What is being asked: Will you return, word for word, only the lines from the top of the data below down to and including the one with "#11 person at [749, 539, 793, 711]"?

◆ ◆ ◆ ◆ ◆ ◆ ◆

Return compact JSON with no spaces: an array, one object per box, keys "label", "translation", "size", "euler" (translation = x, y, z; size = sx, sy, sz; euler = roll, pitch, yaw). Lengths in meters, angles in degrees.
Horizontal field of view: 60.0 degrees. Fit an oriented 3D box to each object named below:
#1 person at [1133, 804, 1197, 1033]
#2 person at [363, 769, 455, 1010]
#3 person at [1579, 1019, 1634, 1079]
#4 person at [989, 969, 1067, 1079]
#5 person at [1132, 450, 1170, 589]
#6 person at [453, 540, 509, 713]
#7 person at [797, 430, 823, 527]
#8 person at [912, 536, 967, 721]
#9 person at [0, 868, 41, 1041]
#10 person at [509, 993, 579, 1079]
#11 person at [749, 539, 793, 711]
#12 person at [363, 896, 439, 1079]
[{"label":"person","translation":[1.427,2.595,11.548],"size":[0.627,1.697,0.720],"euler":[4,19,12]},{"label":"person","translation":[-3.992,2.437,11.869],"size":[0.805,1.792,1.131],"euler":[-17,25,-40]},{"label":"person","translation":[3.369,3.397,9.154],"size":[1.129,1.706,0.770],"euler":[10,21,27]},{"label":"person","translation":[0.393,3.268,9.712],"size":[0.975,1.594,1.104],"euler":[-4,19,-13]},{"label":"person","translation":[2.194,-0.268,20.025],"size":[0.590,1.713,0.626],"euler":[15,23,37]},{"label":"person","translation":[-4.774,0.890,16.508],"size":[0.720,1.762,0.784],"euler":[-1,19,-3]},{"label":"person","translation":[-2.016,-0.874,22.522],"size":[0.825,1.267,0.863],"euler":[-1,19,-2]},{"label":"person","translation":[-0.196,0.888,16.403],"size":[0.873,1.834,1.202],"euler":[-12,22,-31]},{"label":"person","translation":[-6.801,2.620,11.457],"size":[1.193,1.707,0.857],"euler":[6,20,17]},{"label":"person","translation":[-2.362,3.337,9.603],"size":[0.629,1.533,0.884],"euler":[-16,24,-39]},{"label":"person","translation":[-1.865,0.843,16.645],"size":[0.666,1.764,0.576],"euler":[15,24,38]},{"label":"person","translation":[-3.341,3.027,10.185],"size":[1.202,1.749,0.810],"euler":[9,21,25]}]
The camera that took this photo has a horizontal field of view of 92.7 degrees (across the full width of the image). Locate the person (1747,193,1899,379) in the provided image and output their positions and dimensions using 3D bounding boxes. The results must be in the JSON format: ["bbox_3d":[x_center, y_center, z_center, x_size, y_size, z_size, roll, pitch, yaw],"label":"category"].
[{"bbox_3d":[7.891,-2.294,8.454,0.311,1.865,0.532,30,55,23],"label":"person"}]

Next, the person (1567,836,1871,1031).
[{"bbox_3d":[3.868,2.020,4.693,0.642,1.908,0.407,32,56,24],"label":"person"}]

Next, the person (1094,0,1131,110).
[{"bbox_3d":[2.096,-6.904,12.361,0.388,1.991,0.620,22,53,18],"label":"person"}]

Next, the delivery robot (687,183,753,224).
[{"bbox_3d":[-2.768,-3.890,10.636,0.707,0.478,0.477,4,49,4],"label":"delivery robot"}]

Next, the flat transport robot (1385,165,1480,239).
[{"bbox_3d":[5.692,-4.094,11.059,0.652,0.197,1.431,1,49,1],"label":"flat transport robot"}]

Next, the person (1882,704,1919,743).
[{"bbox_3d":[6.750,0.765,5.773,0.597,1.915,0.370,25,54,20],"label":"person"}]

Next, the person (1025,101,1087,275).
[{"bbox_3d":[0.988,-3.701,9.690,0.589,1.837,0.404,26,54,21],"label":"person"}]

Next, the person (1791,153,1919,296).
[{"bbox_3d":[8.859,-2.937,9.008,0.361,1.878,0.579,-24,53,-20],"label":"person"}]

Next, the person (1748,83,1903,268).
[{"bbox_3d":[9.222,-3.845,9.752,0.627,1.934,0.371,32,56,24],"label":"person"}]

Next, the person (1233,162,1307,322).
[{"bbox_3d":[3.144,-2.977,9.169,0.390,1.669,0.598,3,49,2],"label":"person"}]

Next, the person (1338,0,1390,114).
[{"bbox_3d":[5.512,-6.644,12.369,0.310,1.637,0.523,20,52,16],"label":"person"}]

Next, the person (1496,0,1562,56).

◆ ◆ ◆ ◆ ◆ ◆ ◆

Exercise response:
Return compact JSON with no spaces: an array, one object per box, keys "label", "translation", "size", "euler" (translation = x, y, z; size = sx, sy, sz; euler = roll, pitch, yaw). Lengths in meters, angles in degrees.
Horizontal field of view: 60.0 degrees. Fit an oriented 3D box to each object named below:
#1 person at [1133, 804, 1197, 1033]
#2 person at [363, 769, 455, 1010]
#3 person at [1579, 1019, 1634, 1079]
#4 person at [989, 969, 1067, 1079]
#5 person at [1132, 450, 1170, 589]
#6 person at [453, 540, 509, 713]
#7 person at [797, 430, 823, 527]
#8 person at [912, 536, 967, 721]
#9 person at [0, 868, 41, 1041]
#10 person at [509, 993, 579, 1079]
#11 person at [749, 539, 793, 711]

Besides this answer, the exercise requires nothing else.